Difference between int* and int[] in C++

Question

Context: C++ Consider the example below

class TestClass
{
private:
    int A[];
    int *B;

public:
    TestClass();
};

TestClass::TestClass()
{
    A = 0; // Fails due to error: incompatible types in assignment of `int' to `int[0u]'
    B = 0; // Passes
}

A = 0 fails but B = 0 succeeds. What's the catch? What exactly is A? A constant pointer? How do I initialize it then?

Answer 1

The question "what is the difference between int* and int[]?" is a less trivial question than most people will think of: it depends on where it is used.

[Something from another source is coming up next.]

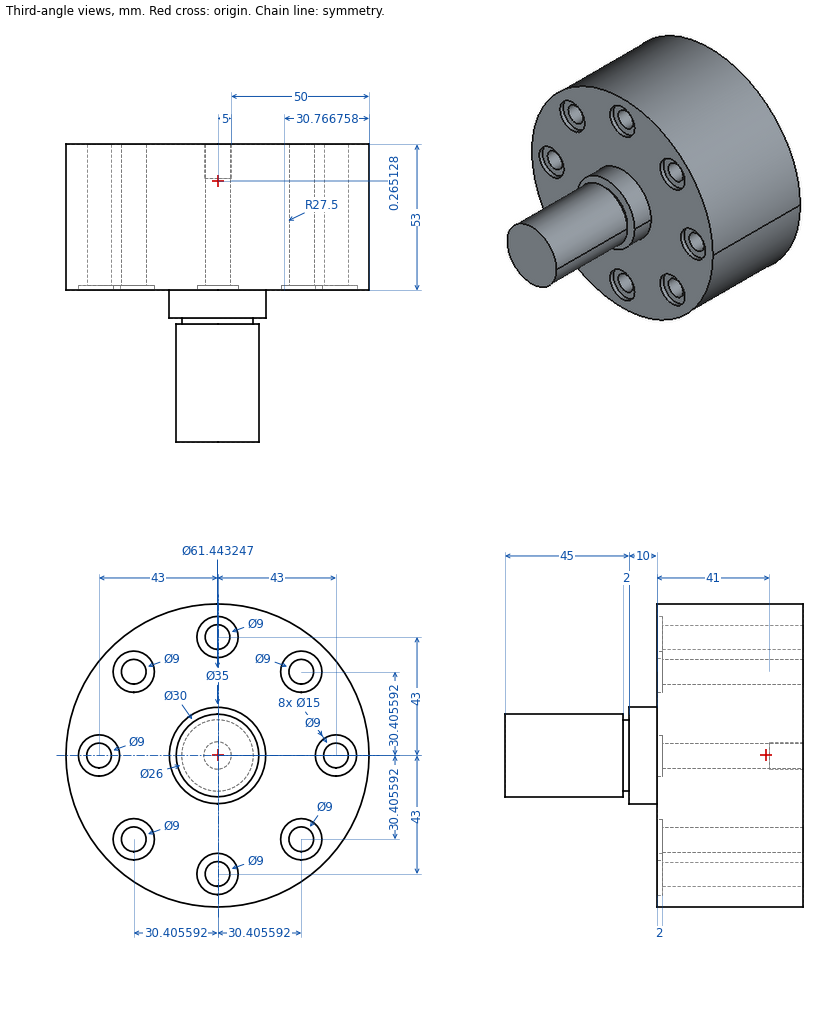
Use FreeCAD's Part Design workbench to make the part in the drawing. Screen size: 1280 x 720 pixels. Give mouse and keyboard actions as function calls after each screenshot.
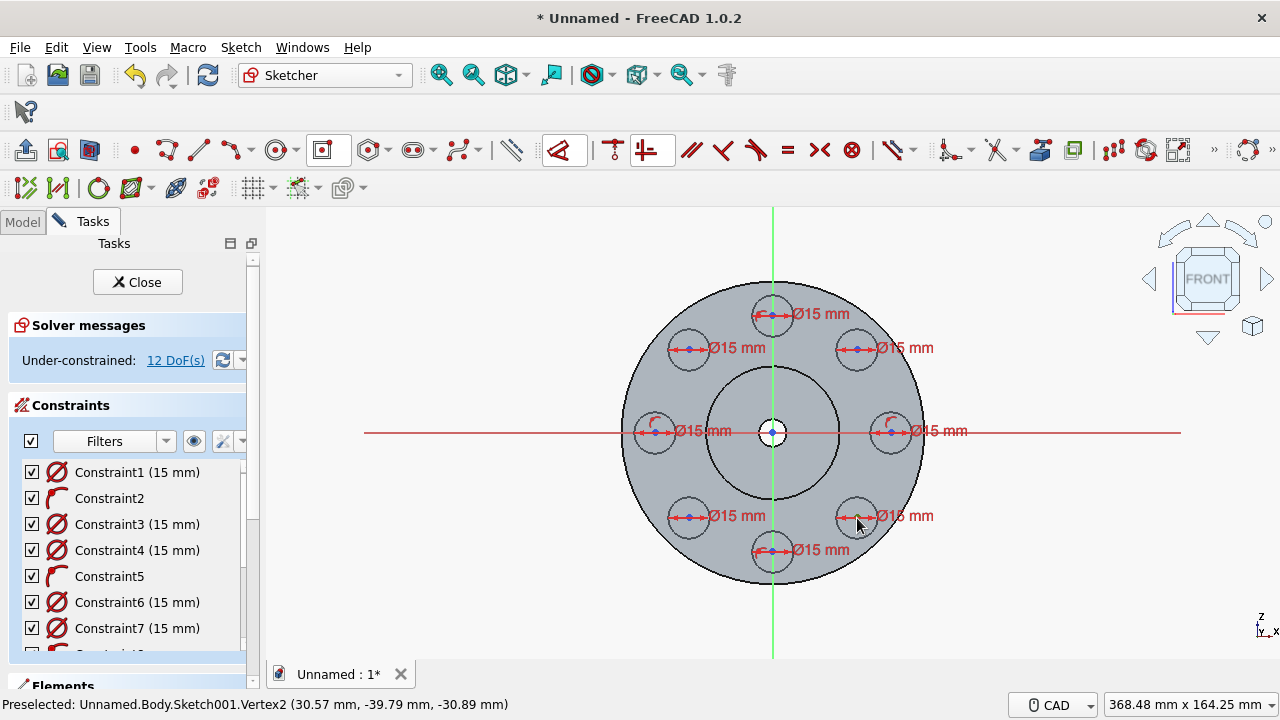
click(689, 518)

In a declaration, like extern int a[]; it means that somewhere there is an array called a, for which the size is unknown here. In a definition with aggregate initialization, like int a[] = { 1, 2, 3 }; it means an array of a size I, as programmer, don't want to calculate and you, compiler, have to interpret from the initialization. In a definition without initialization, it is an error, as you cannot define an array of an unknown size. In a function declaration (and/or) definition, it is exactly equivalent to int*, the language specifies that when processing the types of the arguments for functions, arrays are converted into pointers to the contained type.

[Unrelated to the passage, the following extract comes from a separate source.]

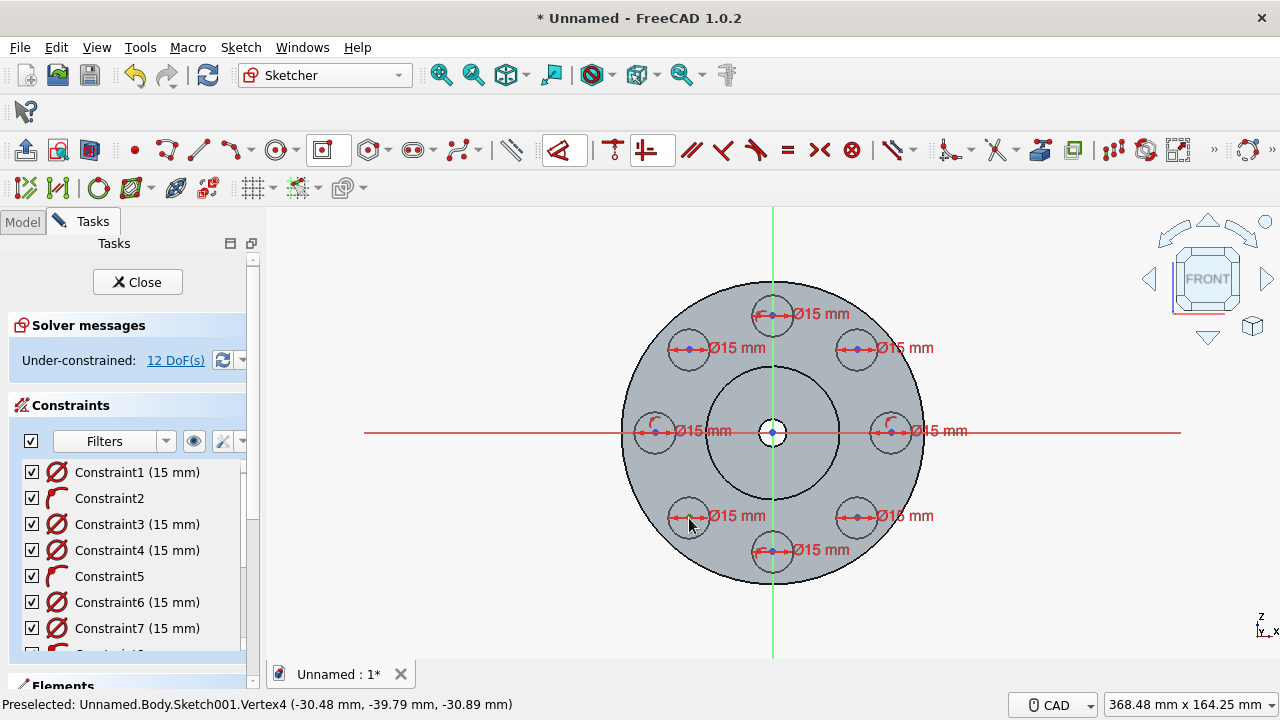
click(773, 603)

In your particular case, as declaration of members of a class, int a[]; is an error, as you are declaring a member of an incomplete type. If you add a size there, as in int a[10] then it becomes the declaration of an array of type int and size 10, and that will reserve space for 10 int inside each object of the class. While on the other hand, int *b will only reserve space for a pointer to integers in the class.